• Work request
Ignoring pictures, transcribe exactly the lines between the one containing "Click the passage" and the end of the material, both included.

─── Data shown ───

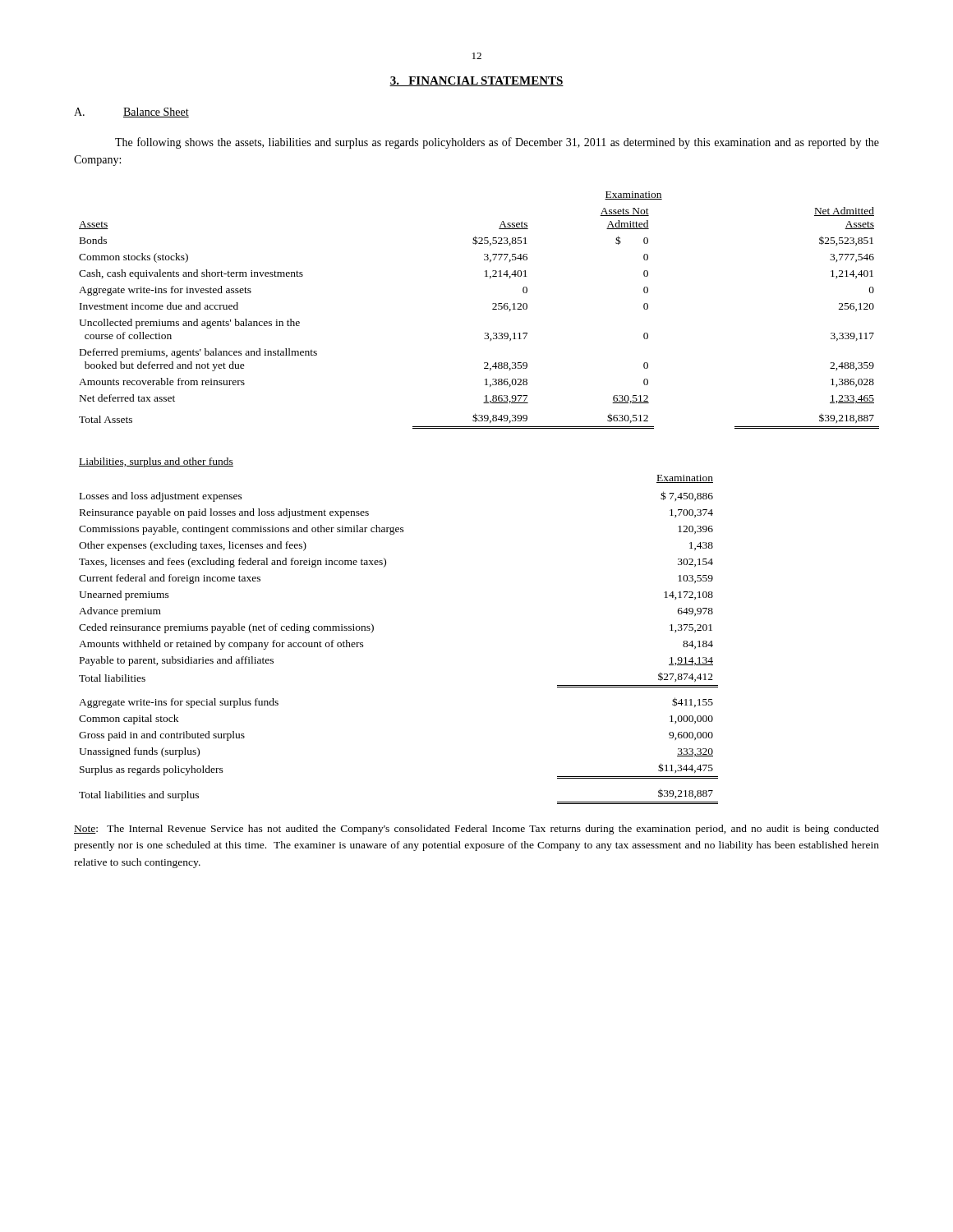The height and width of the screenshot is (1232, 953).
Task: Locate the block starting "3. FINANCIAL STATEMENTS"
Action: click(476, 81)
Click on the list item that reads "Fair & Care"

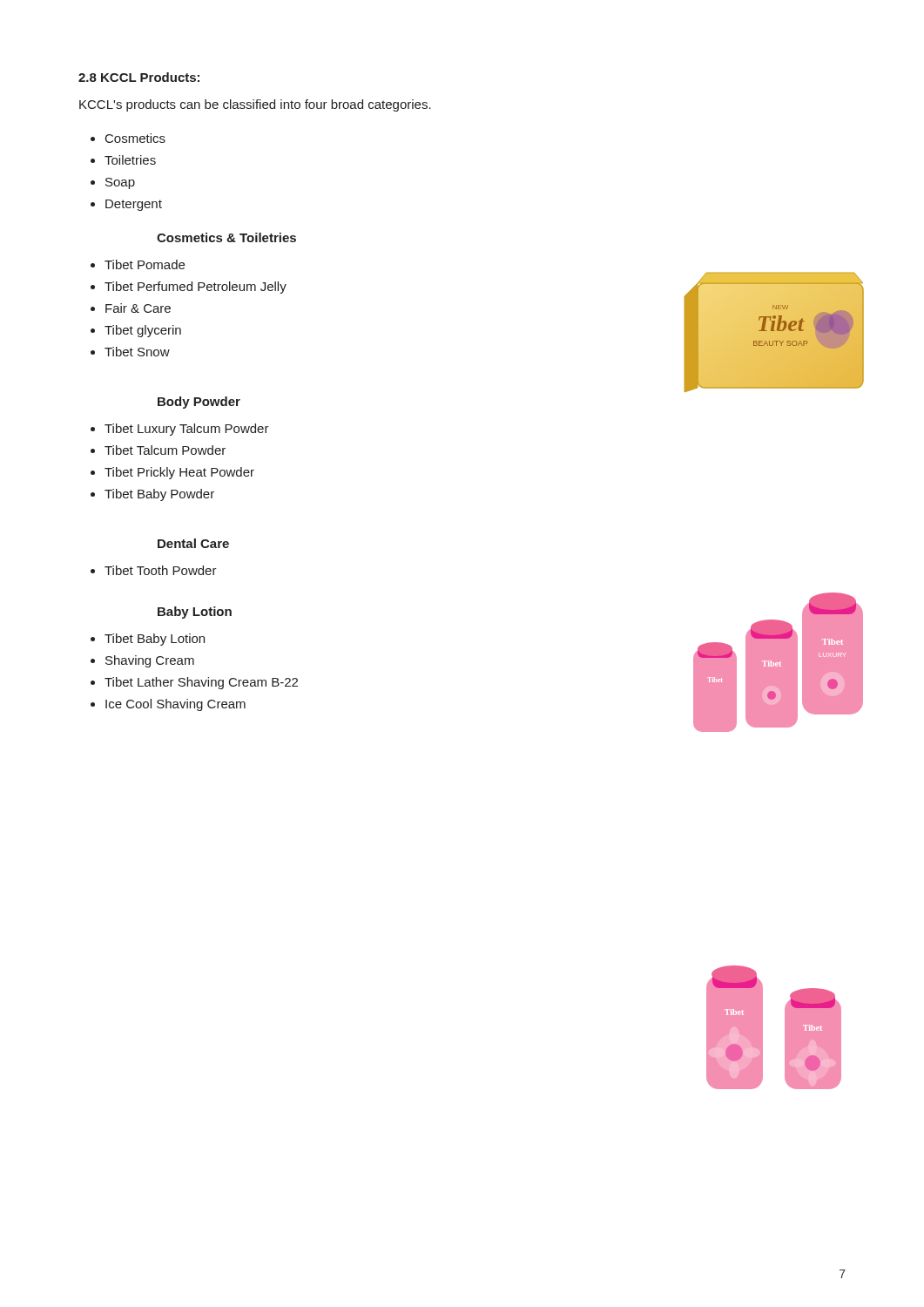coord(138,308)
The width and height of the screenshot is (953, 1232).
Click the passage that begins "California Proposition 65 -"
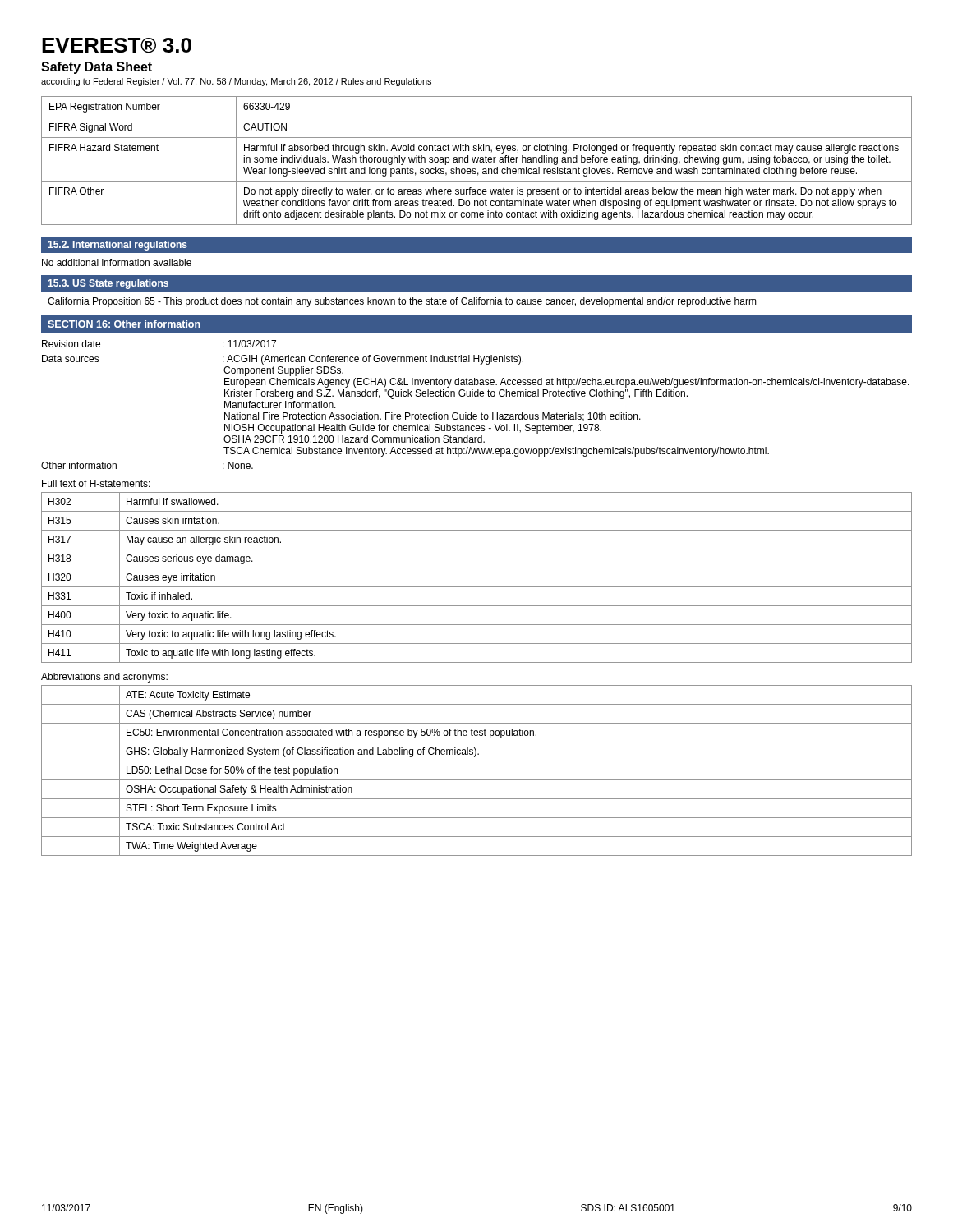[x=402, y=301]
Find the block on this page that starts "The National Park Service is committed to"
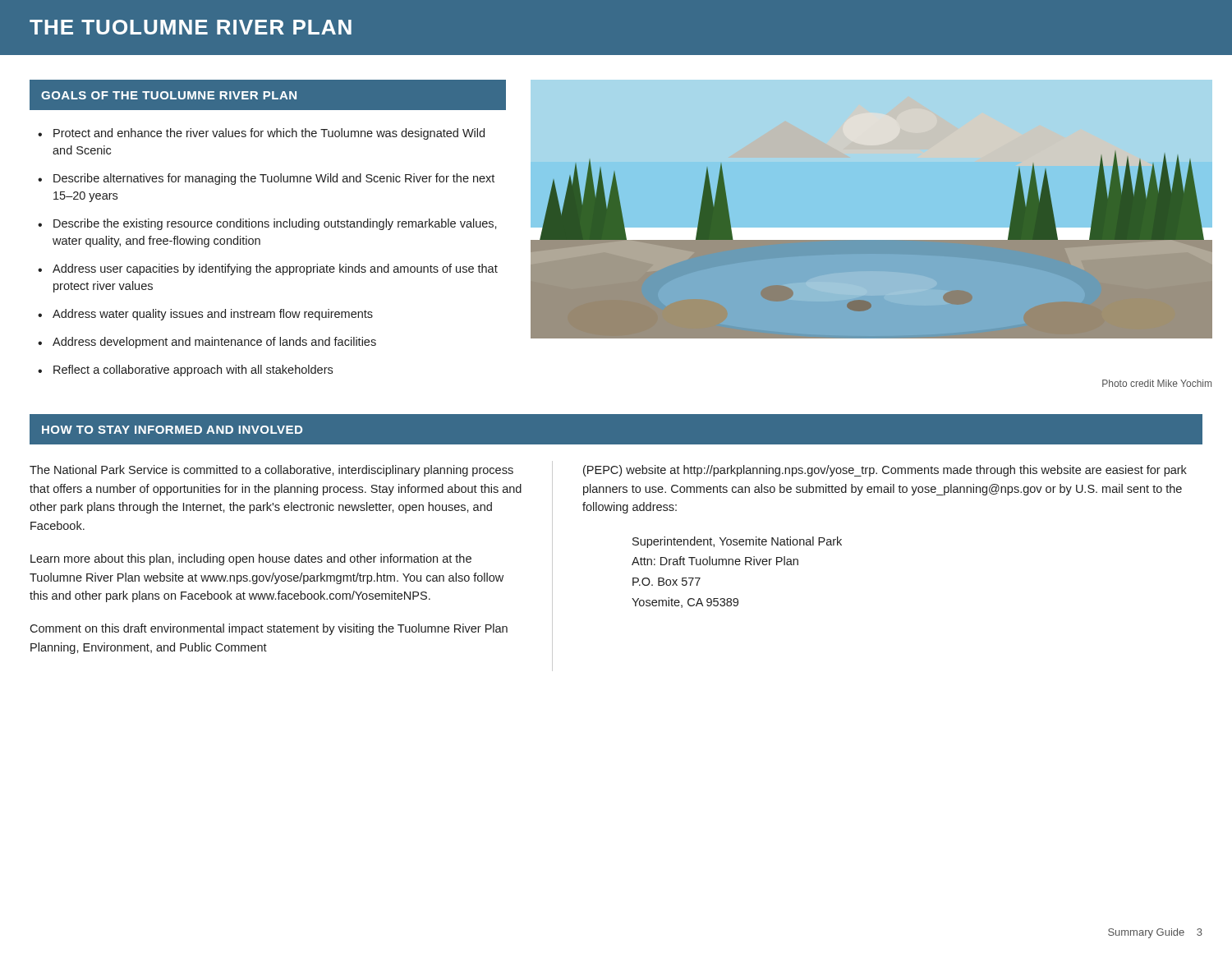The image size is (1232, 953). [x=276, y=498]

───

• The answer
Click the passage that begins "California Proposition 65 -"
[x=402, y=301]
Find the block on this page that starts "The National Park Service is committed to"
The image size is (1232, 953). [x=276, y=498]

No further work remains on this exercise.